Diagnostic confirmé par : (si biopsie osseuse réalisée) collections périostée (au bloc opératoire si indication chirurgicale)
Diagnostic Différentiel
• Tumeurs osseuses : Sarcome d’Ewing, granulome éosinophile,
lymphome osseux == Bilan sanguin, radiographie et biopsie.
• Traumatisme : contusion, entorse.
• Autres processus infectieux : cellulite, arthrite si l’OM s’accompagne
d’épanchement articulaire et affections des parties molles.
• Drépanocytose : crises vasculo-occlusives.
Complications
• Complications générales :
o Septicopyohémie : la dissémination à distance de l’infection vers d’autres foyers.
(péricardite, péritonite, staphylococcie pleuropulmonaire).
o Plusieurs localisations osseuses en même temps sont possibles (autres métaphyses,
vertèbre).
• Complications locales :
o Pandiaphysite : propagation à toute la diaphyse.
o Arthrite : ankylose et une instabilité articulaire.
o Epiphysiodèse : infection proche d’un cartilage de croissance.
o Ostéite chronique : fractures pathologiques à répétition, séquelles fonctionnels,
amyotrophie, déformation des membres.
Traitement
• Objectifs du traitement : Traiter l’infection et éviter/prévenir les
complications.

• Moyens : Médical
Orthopédique
Chirurgical
Traitement
• Médical :
− Antibiothérapie par voie générale.
− Le traitement doit être de institué le plus rapidement possible, dès
la suspicion du diagnostique.
− L’antibiothérapie initiale est probabiliste, bactéricide avec une
bonne diffusion osseuse et articulaire au moins efficace sur S.
aureus et K. kingae, administrée par voie parentérale dès que les
prélèvements bactériologiques sont effectués.

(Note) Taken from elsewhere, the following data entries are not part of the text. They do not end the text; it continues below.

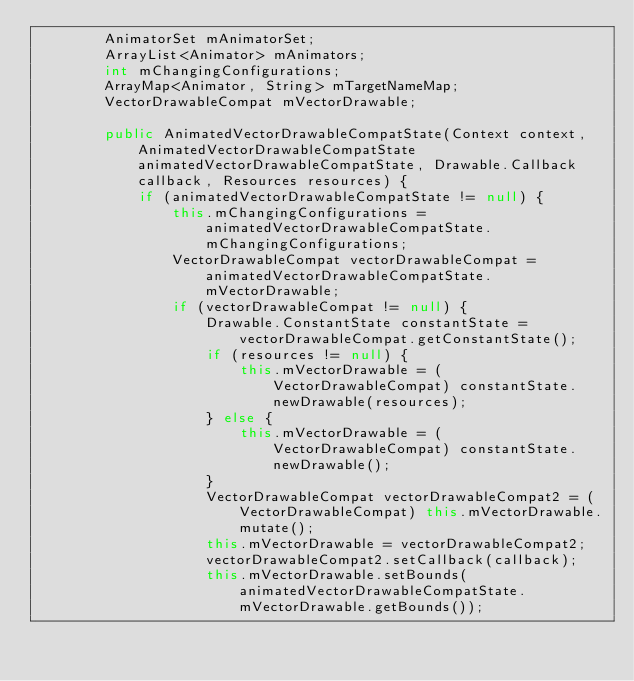<code> <loc_0><loc_0><loc_500><loc_500><_Java_>        AnimatorSet mAnimatorSet;
        ArrayList<Animator> mAnimators;
        int mChangingConfigurations;
        ArrayMap<Animator, String> mTargetNameMap;
        VectorDrawableCompat mVectorDrawable;

        public AnimatedVectorDrawableCompatState(Context context, AnimatedVectorDrawableCompatState animatedVectorDrawableCompatState, Drawable.Callback callback, Resources resources) {
            if (animatedVectorDrawableCompatState != null) {
                this.mChangingConfigurations = animatedVectorDrawableCompatState.mChangingConfigurations;
                VectorDrawableCompat vectorDrawableCompat = animatedVectorDrawableCompatState.mVectorDrawable;
                if (vectorDrawableCompat != null) {
                    Drawable.ConstantState constantState = vectorDrawableCompat.getConstantState();
                    if (resources != null) {
                        this.mVectorDrawable = (VectorDrawableCompat) constantState.newDrawable(resources);
                    } else {
                        this.mVectorDrawable = (VectorDrawableCompat) constantState.newDrawable();
                    }
                    VectorDrawableCompat vectorDrawableCompat2 = (VectorDrawableCompat) this.mVectorDrawable.mutate();
                    this.mVectorDrawable = vectorDrawableCompat2;
                    vectorDrawableCompat2.setCallback(callback);
                    this.mVectorDrawable.setBounds(animatedVectorDrawableCompatState.mVectorDrawable.getBounds());</code>

− Association de deux ATB synergiques (Péni M, céphalosporine et un
aminoside)
Traitement
• Médical : Durée
– Phase d’attaque: voie IV pendant 10j et l’aminoside est arrêté le
5ème jour .
– Phase d’entretien: mono-antibiotique par voie orale.

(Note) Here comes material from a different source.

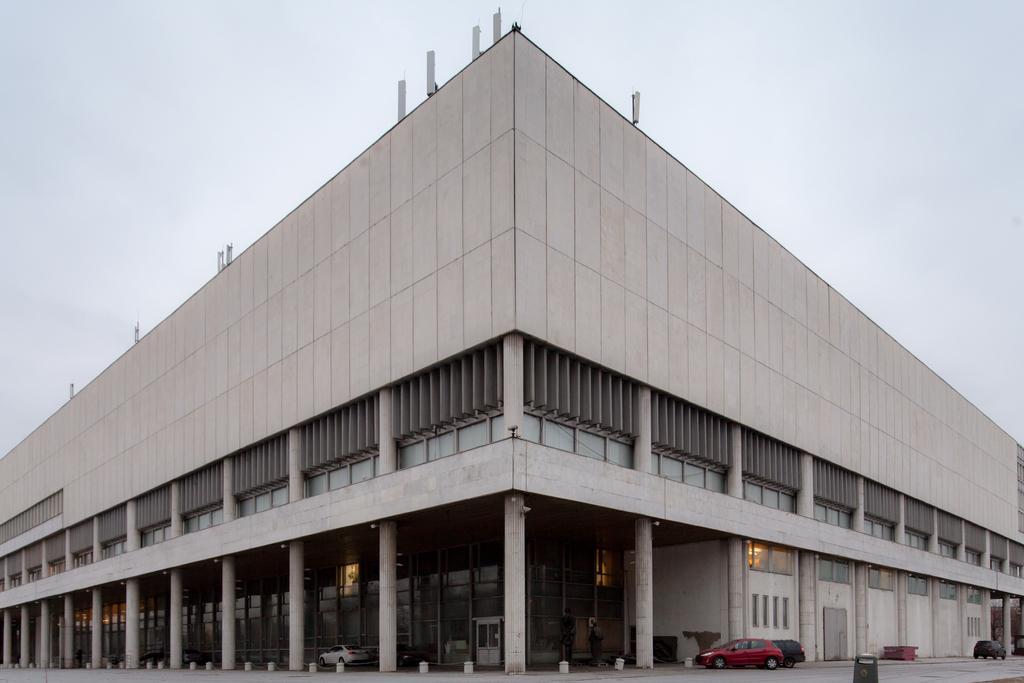What type of structure is depicted in the image? There is a building with pillars in the image. Are there any vehicles visible in the image? Yes, there are vehicles parked near the building. What can be seen in the background of the image? The sky is visible in the background of the image. Where is the brother using the plastic sink in the image? There is no brother or plastic sink present in the image.

– Arrêt: après 3 à 5 semaines à condition de guérison: signes
cliniques négatifs, signes radiologiques négatifs et la
normalisation de VS et la CRP négative.
Traitement
• Médical :
• < 3 mois: Cefotaxime : 200 mg/kg/j en 4injections + Gentamicine 3 à 5 mg/kg/j en IVL (30’)
pendant 48 heures.
⇒ Durée IV : (7-15jours), relais per os 1 mois. ⇒ avis spécialisé.
• > 3 mois: association amoxicilline- acide clavulanique 150mg/kg/jour en 3-4 IV ou
Cefuroxime 150 mg/kg/j IV + Gentamicine 3 à 5 mg/kg/j en IVL (30’) pendant 48 heures si
forme septicémique.
⇒Durée d’ATB IV 3 jours puis relais per os Amox-Ac.Clav 80 mg/kg/j en 3 prise PO.
• Patient drépanocytaire: Céfotaxime 200 à 300 mg/kg/j en 4 IV ou Ceftriaxone 75 mg/kg/j
IVL (2 IVL si < 12 mois ou > 4 g/j) + Ciprofloxacine* 45 mg/k/j en 3 IVL ou 20 mg/kg en 2 PO.
⇒Durée IV et relais per os : avis spécialisé
• Durée totale minimale d’ATB : 3 semaines
Traitement
• Médical : Surveillance

- Surveillance clinique de la douleur, l’état local, la température et la


recherche d’autres localisations ostéo-articulaires et viscérales.
- Surveillance biologique : CRP dans les 48heures, VS est demandée
pour la surveillance ultérieure.
- Surveillance radiologique à J7, J30, puis en fonction de l’évolution
clinique et biologique.
Traitement
• Orthopédique :
‒ La mise en repos du foyer ostéomyélitique par immobilisation
plâtrée ou traction pendant une durée minimale de 4 semaines.
‒ Le rôle est d’augmenter le débit vasculaire osseux, surveillance
quotidienne, une effet antalgique et préventif des fractures.
Traitement
• Chirurgical:
‒ Formes compliquées.
‒ Formes chroniques.
‒ Décompression métaphysaire.
Conclusion
• Il s’agit d’une urgence médico-chirurgical
• Toute douleur osseuse fébrile « proche du genou, loin du coude » est
une ostéomyélite aigue jusqu’à preuve du contraire
• Une forte présomption avec des arguments cliniques, biologiques et
radiologiques suffit.
• Le traitement doit être précoce et tout retard sera responsable de
conséquences néfastes avec des séquelles importantes.